Construction delays are making Canada's housing supply issues worse

Moreover, the pace of development has not kept up with the market's actual levels of demand

Construction delays are making Canada's housing supply issues worse

The lack of housing supply in Canada’s hottest markets is further aggravated by delays brought about by regulatory red tape, according to a major industry investor.

In a new interview with BNN Bloomberg, Centurion Asset Management CEO Greg Romundt said that the past half century was essentially a prolonged chronicle of missed opportunity for home construction.

“In the 1960s and ‘70s, Canada was building 60,000 to 70,000 apartments a year. When [the government] brought in rent control in the ‘70s, it absolutely cratered new apartment construction; it kind of just petered out to around 1,000 to 2,000 a year,” Romundt stated.

“About 40,000 new apartments were built across Canada over the last decade – absolutely nothing compared to population growth and new demand of around 500,000 units per year.”

Veteran markets observers Murtaza Haider and Stephen Moranis argued a similar point in their recent piece for the Financial Post.

The duo noted that while the current surge in purpose-built rental housing development is most welcome, the pace needs to be even faster to fulfill demand in Canada’s largest urban markets.

Data from Statistics Canada showed that PBR starts stood at 45,569 in 2019, considerably above the 36,796 measured a year prior.

However, the duo voiced concern that the speed of development “falls considerably short of the rate at which rental units were being built in the early seventies, when rental construction began to nosedive.”

“Changes in tax regulations and the introduction of rent control as vacancy decontrol disincentivized investors who left the rental construction business in droves,” Haider and Moranis explained.

Fortunately, this is likely to change soon: Romundt predicted a “renaissance” of apartment development in the very near future.
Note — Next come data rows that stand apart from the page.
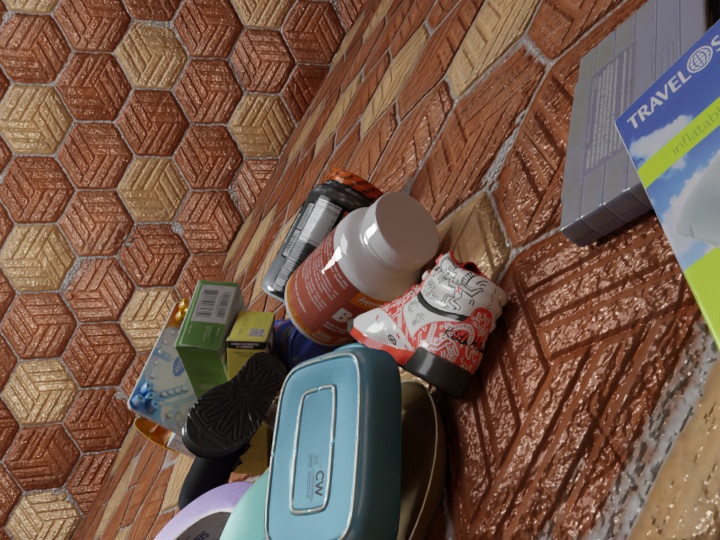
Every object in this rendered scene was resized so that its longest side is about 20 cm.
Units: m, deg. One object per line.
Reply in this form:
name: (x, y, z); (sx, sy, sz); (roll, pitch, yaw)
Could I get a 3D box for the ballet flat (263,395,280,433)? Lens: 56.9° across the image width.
ballet flat: (-0.080, 0.177, 0.786); (0.073, 0.071, 0.200); (-62, 16, -6)

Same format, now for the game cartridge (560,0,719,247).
game cartridge: (0.208, -0.123, 0.489); (0.130, 0.038, 0.202); (-44, 23, 54)

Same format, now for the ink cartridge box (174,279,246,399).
ink cartridge box: (-0.184, 0.117, 0.888); (0.202, 0.058, 0.105); (88, -171, -50)

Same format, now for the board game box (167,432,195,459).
board game box: (-0.242, 0.219, 1.141); (0.103, 0.104, 0.201); (-52, 17, 27)

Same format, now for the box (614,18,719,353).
box: (0.200, -0.058, 0.314); (0.122, 0.047, 0.202); (-47, 33, 38)

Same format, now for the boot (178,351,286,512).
boot: (-0.166, 0.204, 0.738); (0.201, 0.065, 0.165); (-56, -9, 30)

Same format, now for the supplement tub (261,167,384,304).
supplement tub: (-0.046, -0.034, 0.942); (0.202, 0.121, 0.122); (-62, 16, -7)

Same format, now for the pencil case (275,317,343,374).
pencil case: (-0.089, 0.110, 0.913); (0.077, 0.088, 0.199); (-27, 5, -22)

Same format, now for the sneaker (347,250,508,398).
sneaker: (0.059, 0.039, 0.607); (0.109, 0.067, 0.201); (-61, 20, -5)

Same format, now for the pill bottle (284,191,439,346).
pill bottle: (0.000, 0.000, 0.765); (0.200, 0.111, 0.113); (-43, 24, 47)

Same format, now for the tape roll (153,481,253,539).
tape roll: (-0.143, 0.309, 0.637); (0.198, 0.066, 0.201); (-30, 27, 17)

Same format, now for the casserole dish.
casserole dish: (-0.026, 0.144, 0.524); (0.120, 0.039, 0.203); (-20, 52, 32)

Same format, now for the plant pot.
plant pot: (0.014, 0.190, 0.558); (0.201, 0.027, 0.201); (-54, 17, 25)

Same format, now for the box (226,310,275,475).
box: (-0.136, 0.158, 0.846); (0.076, 0.049, 0.203); (-83, -3, -66)

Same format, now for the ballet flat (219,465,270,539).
ballet flat: (-0.048, 0.187, 0.590); (0.068, 0.063, 0.201); (30, 84, 49)

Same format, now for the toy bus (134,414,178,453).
toy bus: (-0.373, 0.273, 1.444); (0.202, 0.134, 0.192); (-60, 0, -7)

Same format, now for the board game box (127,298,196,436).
board game box: (-0.221, 0.164, 0.997); (0.026, 0.199, 0.202); (-41, 24, 37)

Such a shift will stem from the sustained demand for apartments, itself being driven by a growing need for more affordable options, as well as by demographic changes and intensified immigration.

Romundt said that Toronto (which has around 70,000 new apartments in various stages of approval) and Vancouver (around 50,000 new units) indicate the sector’s running theme for the next decade.

“In the next 10 years or so, we will build as many apartments across Canada as we did over the last two generations, notwithstanding rent control.”